Summary
- UKRI and EPSRC have opened an explainable-AI opportunity with a £12.05 million total fund and project costs capped at £602,500.
- The programme explicitly welcomes speculative research that may fail rather than requiring deployable models or commercial outcomes within two years.
- Its scope reaches from post-hoc explanations into mechanistic interpretability, process examination, imposed explainability, and uncertainty quantification.
UK Research and Innovation has opened a £12.05 million funding opportunity for speculative work on explainable AI, deliberately accepting the risk of failed projects in pursuit of better ways to understand how future systems reach outputs and decisions.
The programme is being delivered with the Engineering and Physical Sciences Research Council and opened on 11 August, with applications closing on 20 October. Individual projects can have a full economic cost of up to £602,500, of which UKRI will fund 80%, and successful work must begin on 1 February 2027 for up to two years.
UKRI is explicitly not requiring applicants to produce new commercial models or spinouts during the grant period. Its guidance says projects are not expected to achieve every research goal and that approaches which fail can still generate useful knowledge, provided the proposal is ambitious enough to offer a potential step change rather than incremental improvement.
That tolerance reflects the scientific difficulty underneath a familiar policy demand. Businesses and public bodies can obtain increasingly capable AI systems, but many consequential uses remain difficult when the organisation cannot establish why a system produced a result, where uncertainty entered the process, or how much confidence should be placed in the explanation generated afterwards.
Explainability is several technical problems
UKRI has defined the research scope broadly. It includes post-hoc explanations intended to help people understand model outputs, mechanistic interpretability examining how internal structures produce behaviour, process examination covering the steps and tool use involved in reaching a conclusion, techniques that make models inherently easier to interpret, and methods for quantifying uncertainty.
Those approaches solve different problems. A plain-language explanation produced after a decision may help a user without proving that the explanation reflects the mechanism which caused the result, while deeper inspection of internal model behaviour may be technically informative but unusable to the employee, regulator, customer, or citizen affected by the decision.

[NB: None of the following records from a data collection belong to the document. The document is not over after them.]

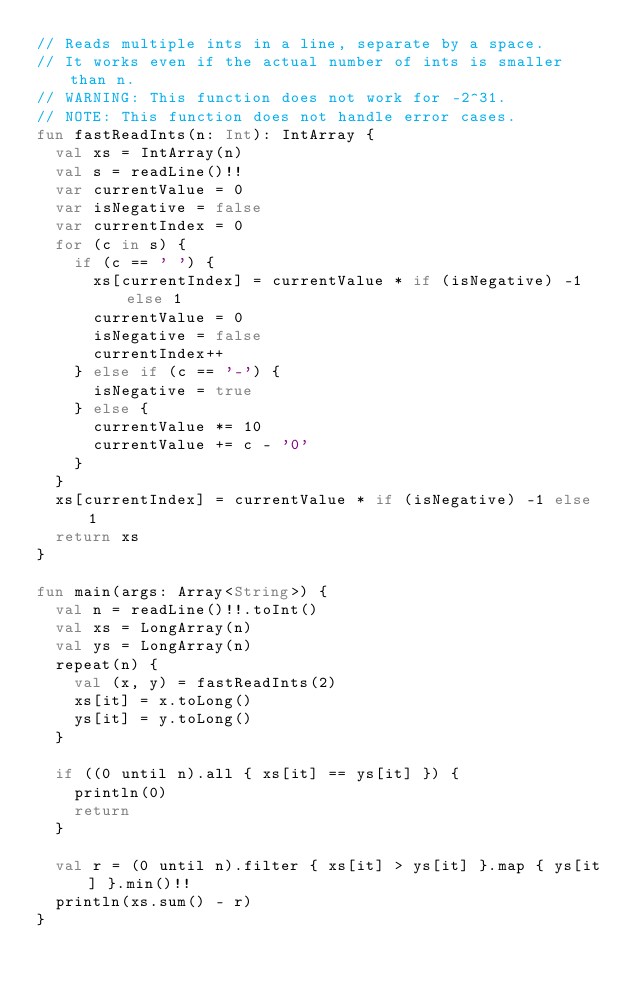<code> <loc_0><loc_0><loc_500><loc_500><_Kotlin_>// Reads multiple ints in a line, separate by a space.
// It works even if the actual number of ints is smaller than n.
// WARNING: This function does not work for -2^31.
// NOTE: This function does not handle error cases.
fun fastReadInts(n: Int): IntArray {
  val xs = IntArray(n)
  val s = readLine()!!
  var currentValue = 0
  var isNegative = false
  var currentIndex = 0
  for (c in s) {
    if (c == ' ') {
      xs[currentIndex] = currentValue * if (isNegative) -1 else 1
      currentValue = 0
      isNegative = false
      currentIndex++
    } else if (c == '-') {
      isNegative = true
    } else {
      currentValue *= 10
      currentValue += c - '0'
    }
  }
  xs[currentIndex] = currentValue * if (isNegative) -1 else 1
  return xs
}

fun main(args: Array<String>) {
  val n = readLine()!!.toInt()
  val xs = LongArray(n)
  val ys = LongArray(n)
  repeat(n) {
    val (x, y) = fastReadInts(2)
    xs[it] = x.toLong()
    ys[it] = y.toLong()
  }

  if ((0 until n).all { xs[it] == ys[it] }) {
    println(0)
    return
  }

  val r = (0 until n).filter { xs[it] > ys[it] }.map { ys[it] }.min()!!
  println(xs.sum() - r)
}</code>

Agentic systems make the chain harder to reconstruct because a final action can depend on several models, retrieval systems, databases, software tools, and intermediate decisions. An error may originate in the model itself, the information it retrieved, an external tool, or the orchestration between components, leaving explainability as a systems problem rather than a feature attached to one neural network.
UKRI is allowing interdisciplinary teams where their work contributes to technical advances, although proposals consisting mainly of social-science, legal, policy, or ethical analysis are outside the programme. The intention is to improve the technology itself rather than fund another layer of commentary around existing models.
Research policy follows deployment constraints
The funding call is the first pilot under UKRI’s IS8 AI Programme and forms part of a wider national research strategy that identifies explainable and human-in-the-loop systems among the capabilities needed for future AI. UKRI has also committed substantial funding across AI during the current Spending Review period, tying research policy more closely to deployment in science, public services, and industry.
Explainability occupies an unusual place inside that agenda because it is fundamental research driven partly by practical adoption barriers. A model can achieve strong benchmark performance and still be difficult to use where a bank must justify a decision, an engineer needs to understand a recommendation affecting physical equipment, or a public authority must account for how an automated system influenced an outcome.
The requirement is not uniform across industries, and explainability should not be reduced to a single regulatory checkbox. Some environments need a user-facing reason, others need auditable system behaviour, and still others require confidence estimates or evidence that humans can detect when the system is outside the conditions in which it performs reliably.
Current methods remain imperfect. Interpretability can be computationally expensive, tied to particular model architectures, inaccessible to non-specialists, or capable of producing explanations that sound coherent without capturing the complete causal path behind an output. Improving interpretability can also introduce trade-offs in performance or system complexity.
The programme’s willingness to fund approaches that do not work acknowledges that there is no settled engineering solution. UKRI is also experimenting with distributed peer review, requiring applicant teams to participate in assessment of other submissions rather than sending every proposal through a conventional reviewer pipeline.
That combination gives the funding call a different purpose from an industrial deployment programme. It is not paying organisations to add an explanation panel to current AI products; it is trying to widen the technical options available before more capable systems become embedded in settings where a fluent answer is insufficient evidence of safe operation.
The £12.05 million fund is modest beside the capital being spent on models and compute, but the research problem reaches directly into adoption. Organisations can buy powerful AI increasingly easily. Understanding when its outputs deserve to be trusted remains considerably harder.